Assim sendo, Vigotski (1933/2004c) aponta a importância da análise semiótica dos sentidos como método para investigar o conteúdo da consciência e postula que "a verdadeira compreensão consiste em penetrar os motivos do interlocutor" (Vigotski, 1933/2004c, p. 184). Vigotski chega a assegurar que essa é a única metodologia capaz de tal desafio sendo a fala, oral ou escrita, uma forma de se acessar a dimensão afetivo-volitiva dos sujeitos. Para tanto, buscamos promover reflexões dos gestores almejando novas ressignificação de suas práticas e do contexto de que tomam parte, haja vista, ser este movimento, como afirma Vigotski, a base de todo e qualquer processo de mudança.

Todos os encontros foram gravados, auditados e transcritos. Dessas transcrições derivaram as sínteses, que eram lidas com os gestores no início do encontro subsequente. O processo de construção e leitura da síntese dividiu-se em três etapas.

Na primeira,a construção da síntese demandava da psicóloga uma escuta atenta, nos momentos de audição, para o que havia sido central na discussão dos gestores, de modo que fosse possível apresentar um relato do encontro anterior, que pudesse ser lido em voz alta pela psicóloga ou um dos gestores, sem, contudo, tornar-se maçante aos ouvintes. Ao final destes relatos apenas era perguntado para os gestores se gostariam de alterar alguma coisa na síntese.

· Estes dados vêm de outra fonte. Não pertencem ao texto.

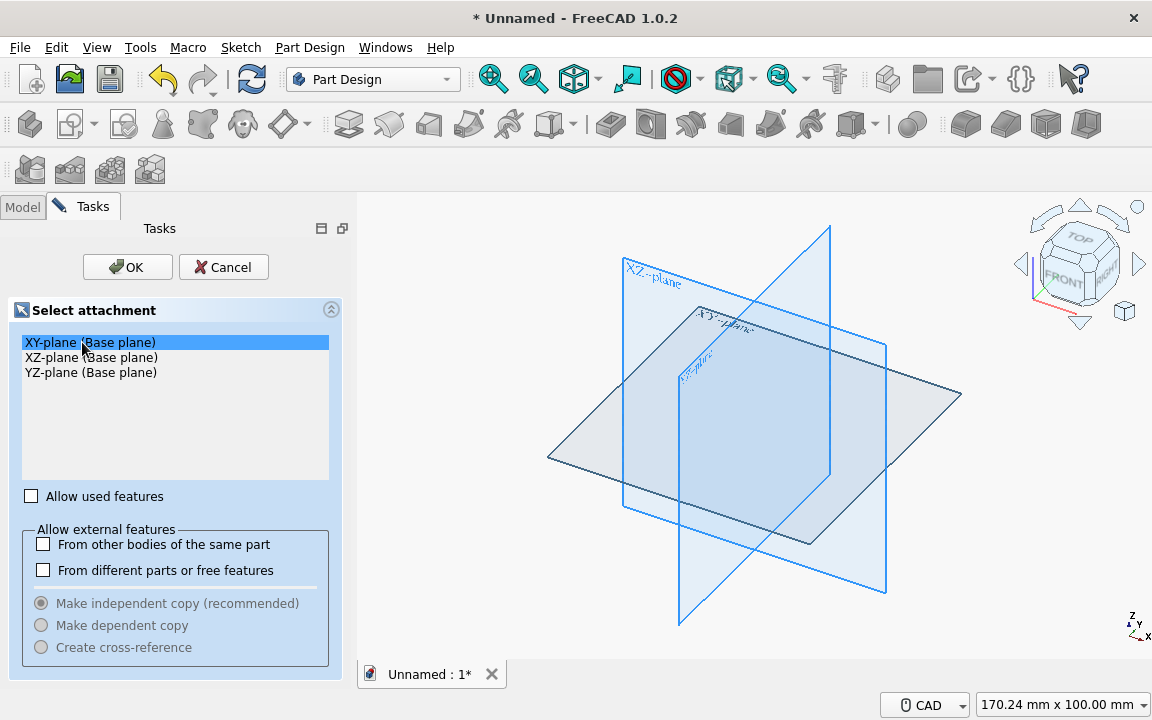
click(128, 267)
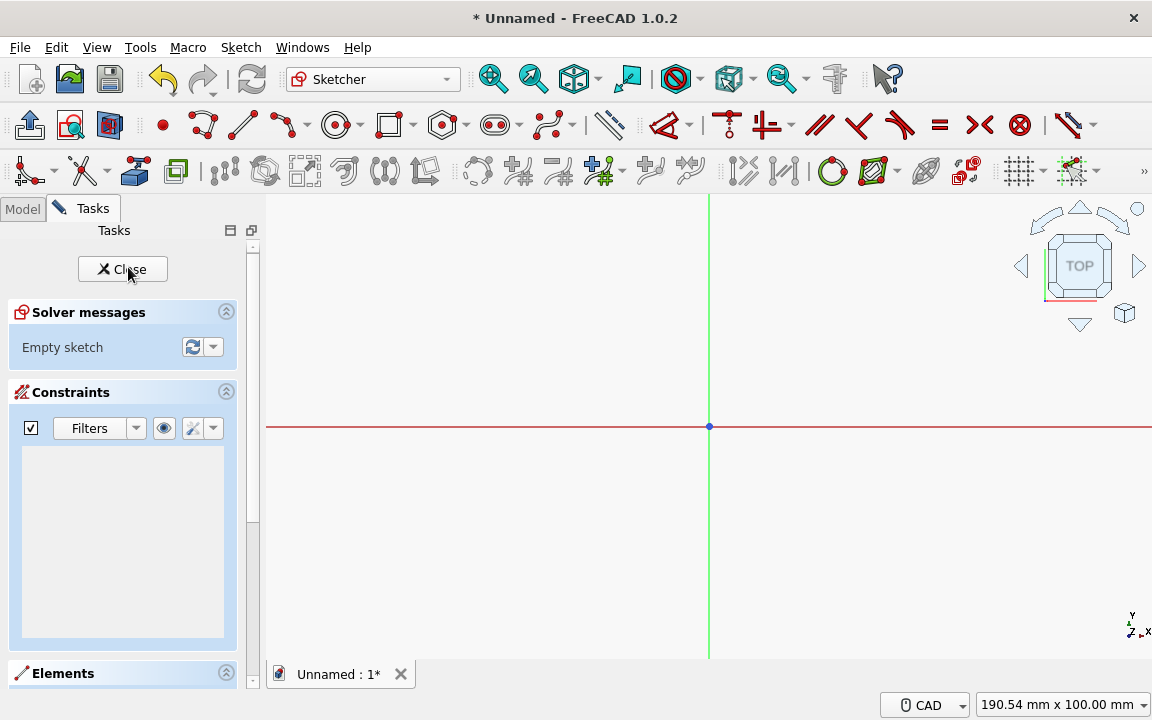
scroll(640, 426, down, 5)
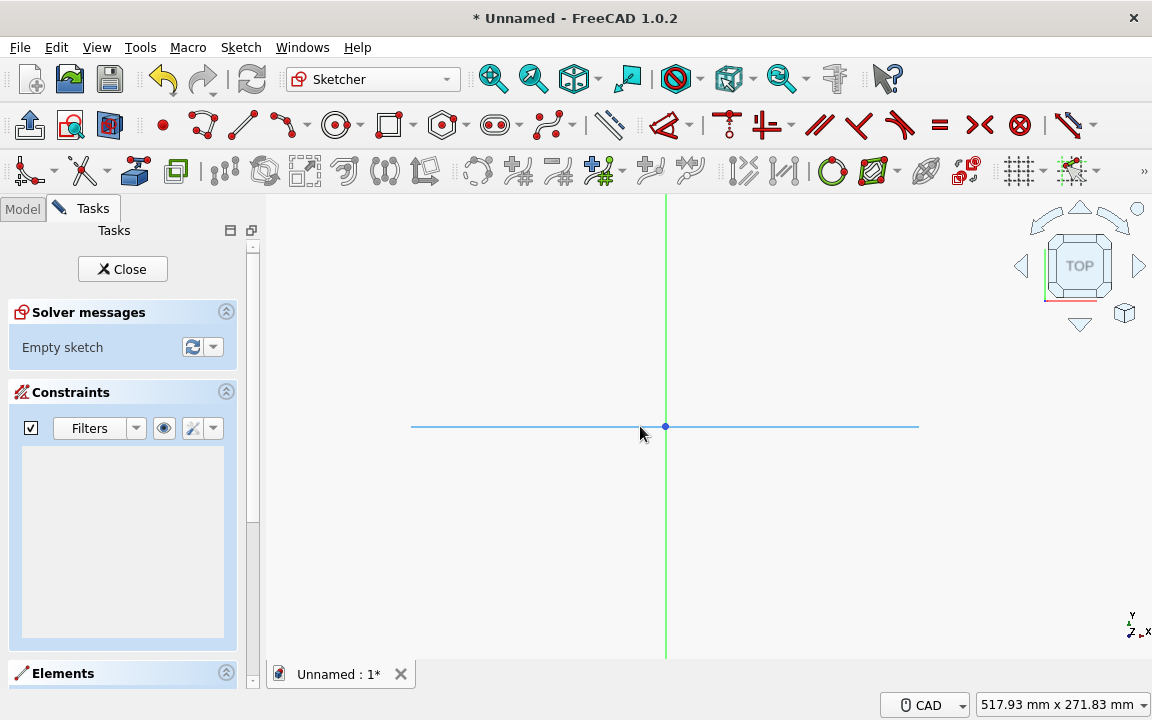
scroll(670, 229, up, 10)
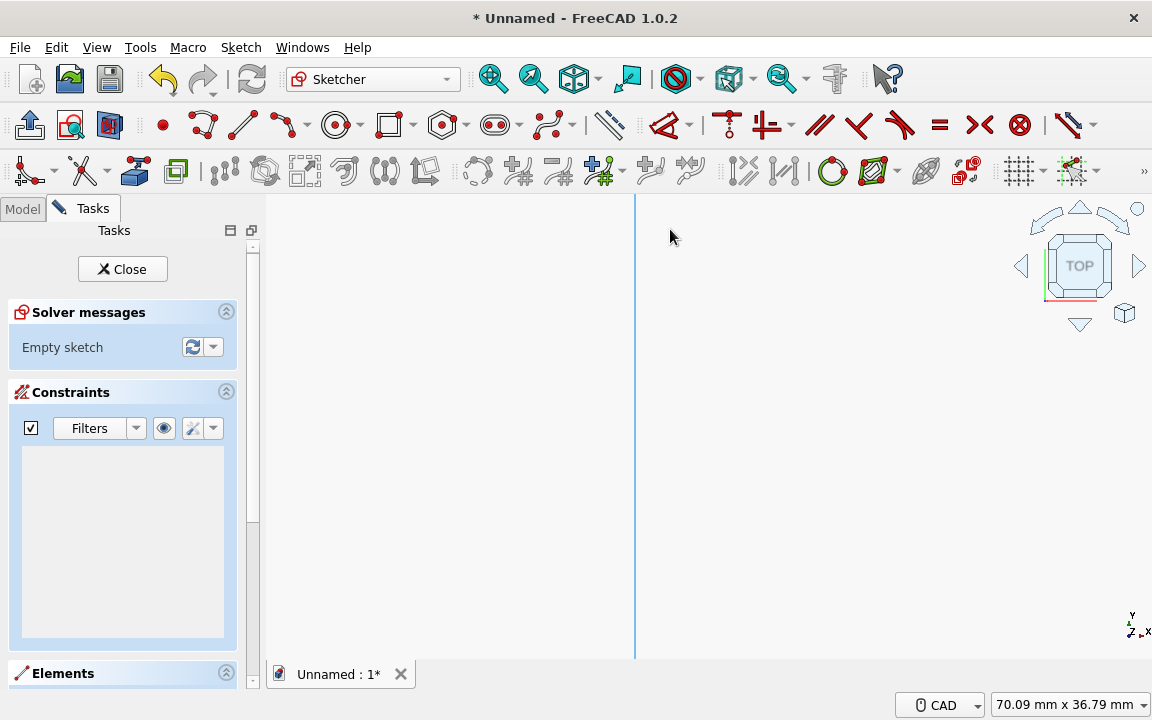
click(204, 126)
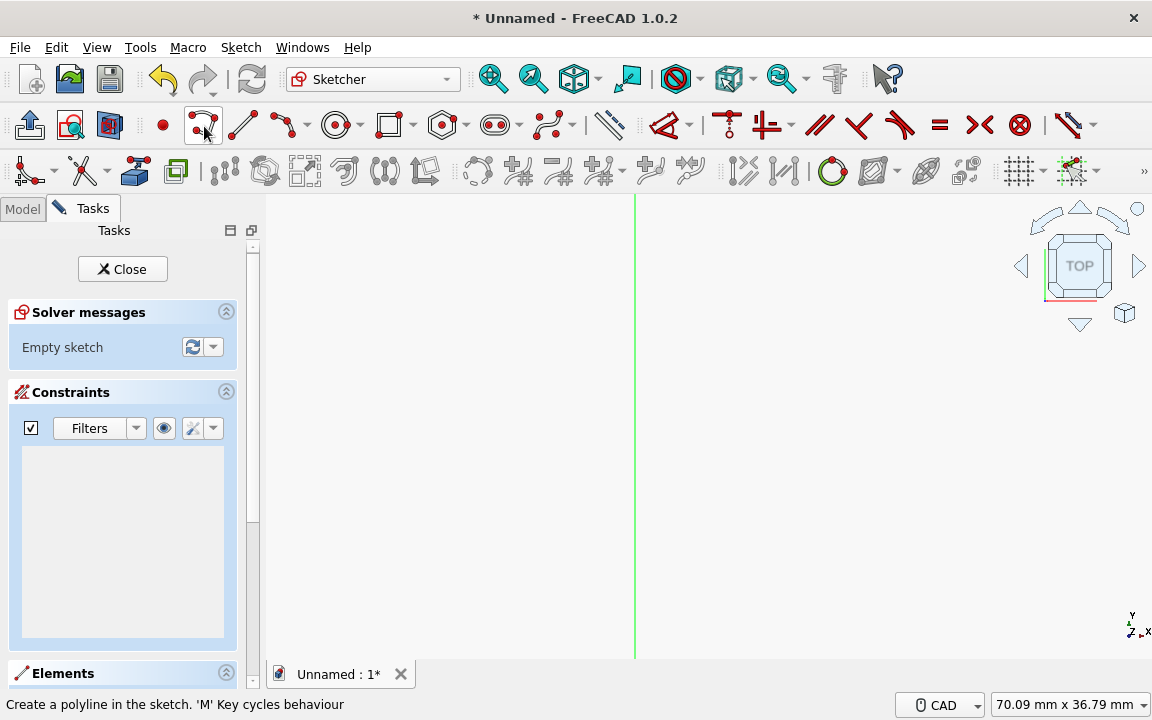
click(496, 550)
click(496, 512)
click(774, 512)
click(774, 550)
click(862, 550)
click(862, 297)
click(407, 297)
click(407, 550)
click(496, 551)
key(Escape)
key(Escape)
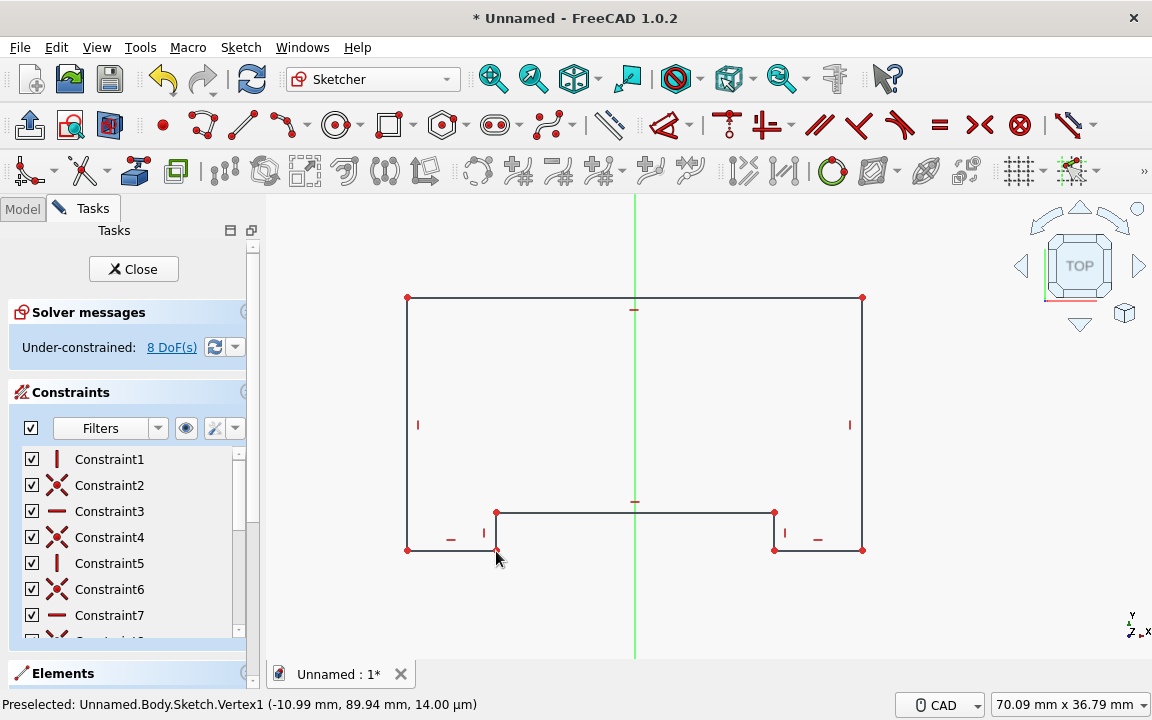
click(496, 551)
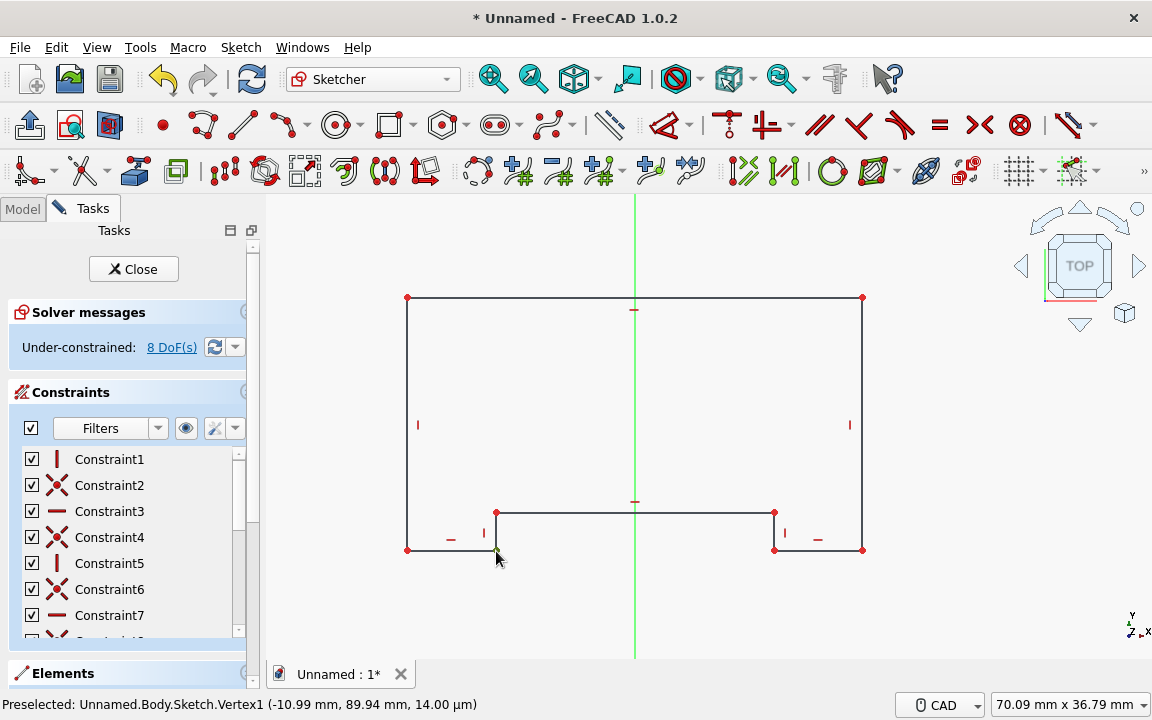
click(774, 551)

A segunda etapa derivou de dois movimentos concomitantes: o estabelecimento de vínculos dos gestores com a psicóloga, e as inquietações que as acompanhava ao final de alguns encontros, e que se acreditava derivar dos sentidos e significados configurados pela investigadora e pelos gestores nessas reuniões. Essas percepções deram origem a um novo movimento de construção de síntese, visto que era preciso que se buscassem os movimentos de teses, antíteses e sínteses realizados pelo grupo, como modo de apreender os sentidos e significados configurados nestes espaços. Ainda nessa direção,foram intensificados os momentos de discussão dos resultados encontrados com a professora orientadora, visando ampliar a compreensão desses movimentos. Acrescentamos, ao final da síntese, em forma de tópicos, o que compreendíamos ser os sentidos e significados configurados nos encontros, e pedia-se que os gestores discutissem sobre eles.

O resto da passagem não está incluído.